The floodwaters subsided and the ark could be exited, and the animals again are explicitly included in the covenant God makes: “God spoke to Noah and to his sons with him, saying, ‘Now behold, I Myself do establish My covenant with you, and with your descendants after you; and with every living creature that is with you.’ . . . ‘This is the sign of the covenant which I am making between Me and you and every living creature . . . for all successive generations’” (Gen. 9:8-12, NASB).
In the oldest book of the Bible when God speaks to Job out of the whirlwind, it takes four chapters to record his account of the wonders of the created world. This is God’s longest speech in the Bible. And God makes very plain how He feels about the animal kingdom. It’s a magnificent address, starting in chapter 38. Notice carefully all the creatures He describes—several wild animals including a lioness, a hawk, an eagle, and a stallion leaping high, ready to run. And this is merely the introduction to Job’s zoology class.
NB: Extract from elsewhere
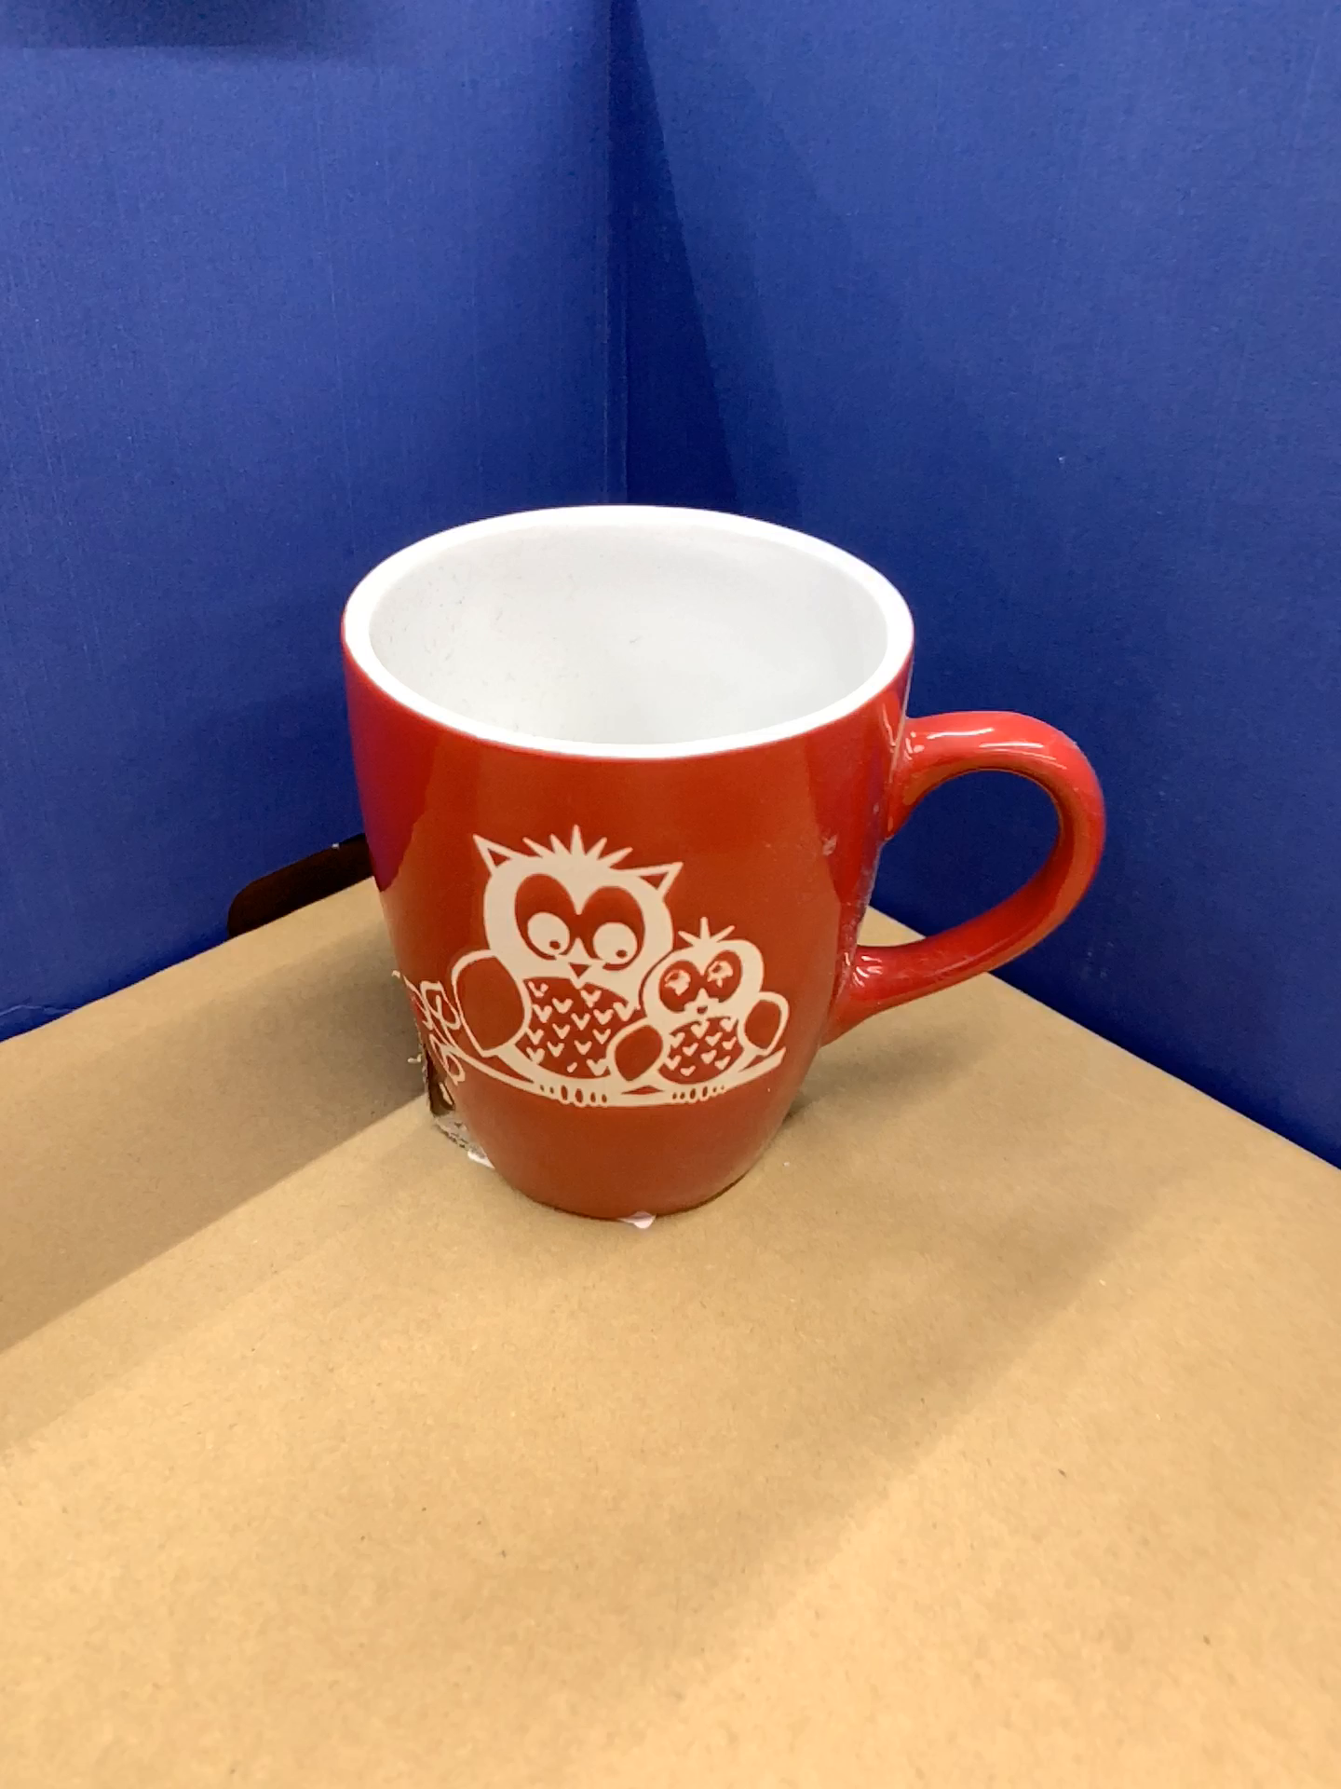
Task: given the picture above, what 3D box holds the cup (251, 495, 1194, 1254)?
[{"bbox_3d":[0.004,-0.008,0.242,0.120,0.091,0.100,0,33,-3],"label":"cup"}]

Respect for the Animal Kingdom
In the book of Numbers, Balaam’s donkey, after being beaten, pleads for respect and kind treatment. I like the phrase in Numbers 22:28: “Then the Lord opened the mouth of the donkey” (NKJV). That implies that the donkey had intelligence; she just needed her tongue loosed to speak human language.Even the divine being whom Balaam does not see at first criticizes Balaam’s harshness toward his donkey. “Why have you struck your donkey these three times?” he asks (verse 32).
Nature Reveals the Glory of God
God’s care for animals has also inspired many of the psalms. Psalm 36: “Your lovingkindness, O Lord, extends to the heavens, Your faithfulness reaches to the skies. . . . You preserve man and beast. How precious is Your lovingkindness” (verses 5-7, NASB). And Psalm 104: “There is the sea, great and broad, in which are swarms without number, animals both small and great” (verse 25, NASB). “They all wait for You to give them their food in due season. You give to them, they gather it up; You open Your hand, they are satisfied” (verses 27, 28, NASB).The psalmist emphasizes how nature reveals the glory of God and how all of creation is within His care. Although we might talk about how we care for the environment, the psalmist reminds us that it’s the other way around. If God did not continuously sustain this environment, we wouldn’t be able to live.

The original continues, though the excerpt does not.